Dynamics of three-component viral quasispecies. The plot gives relative fractions of viral components (n_j(t)/κ) as a function of time for μ=10⁻³. The left y axis corresponds to n₁(t)/κ (green lines), and the right y axis corresponds to both n₂(t)/κ (blue lines) and n₃(t)/κ (pink lines). Notice the different scales on the left and right y axes. Values at the right y axis decrease by a power of 10 each time μ decreases by a power of 10 (simulations with μ=10⁻⁴ and μ=10⁻⁵, not shown).

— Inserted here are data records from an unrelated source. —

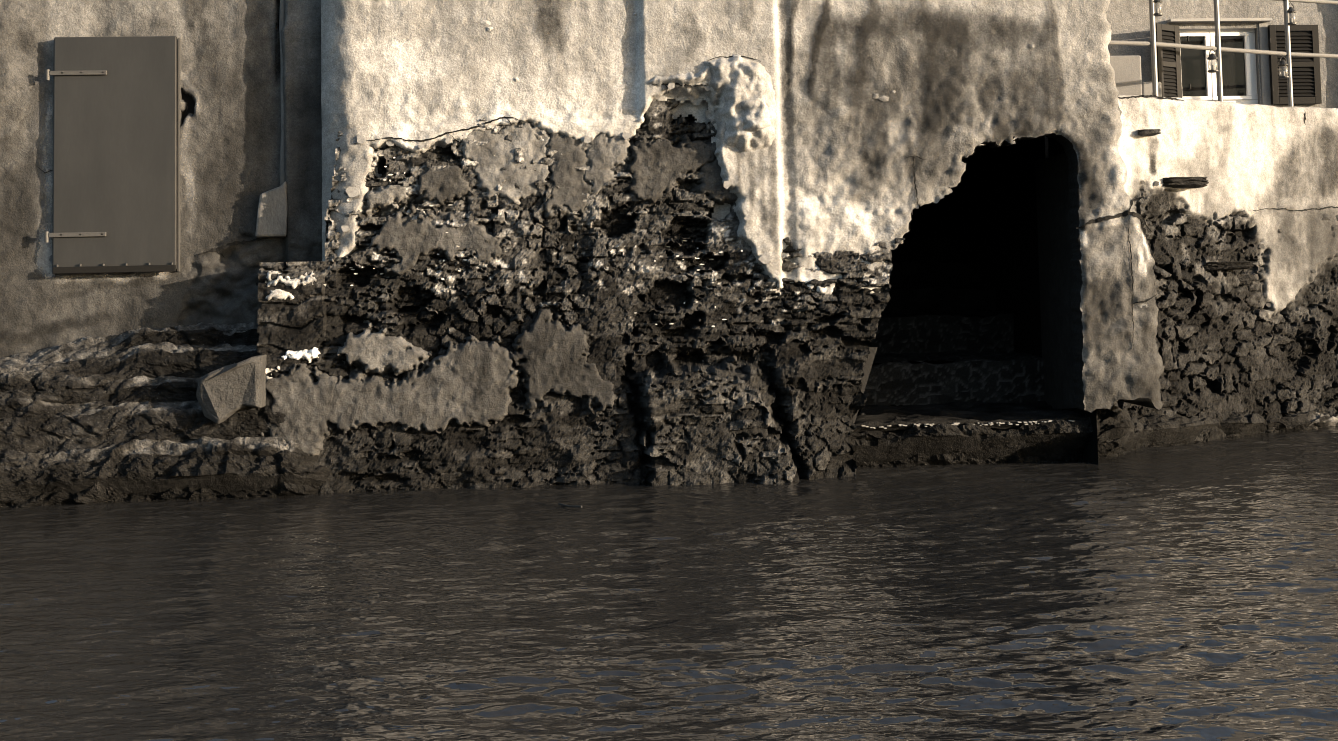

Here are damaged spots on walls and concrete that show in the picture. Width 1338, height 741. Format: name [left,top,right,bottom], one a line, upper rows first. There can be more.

damp [545,0,563,44]
damp [785,0,799,88]
damp [808,0,1030,178]
spalling [261,82,905,456]
spalling [1135,180,1338,383]
crack [1253,205,1338,213]

The parameters chosen for this simulation are as follows: at time t₀=0, n₁(t₀)=500, n₂(t₀)=500, k₁=1.0 and k₂=0.02; at time t₁=250 the system has reached its steady-state (corresponding to the values of k_j at t₀); at time t₂=350, the two-component system is exposed to a selective pressure (antiviral treatment) and k₁=0.01 and k₂=1.0; at time t₂+δ=370 the selective pressure is switched off and k₁=1.0 and k₂=0.2; at time t₃=620 the system has reached its steady-state (corresponding to the values of k_j at t₂+δ), and the value of n₂(t₃)/κ corresponds to the level of replicative memory of component 2 (which has a level of 1.02×10⁻³ in this example, with μ=10⁻³); at time t₄=720 the system is exposed to a second selective pressure (a different antiviral treatment) that forces a new component 3 to move from a reservoir to the bloodstream (the initial condition for component 3 was chosen as n₃(t₄)=10⁻⁴[n₁(t₄)+n₂(t₄)]), and k₁=0.03, k₂=0.3, k₃=1.0; at time t₄+δ=740 the selective pressure is switched off and k₁=1.0, k₂=0.15, and k₃=0.25; at time t₅=990 the system has reached its steady-state (corresponding to the values of k_j at t₄+δ), and the value of n₃(t₅)/κ reflects the contribution of non-replicative (or reservoir) components to the quasispecies memory (which has a level of 1.17×10⁻³ in this simulation, with μ=10⁻³).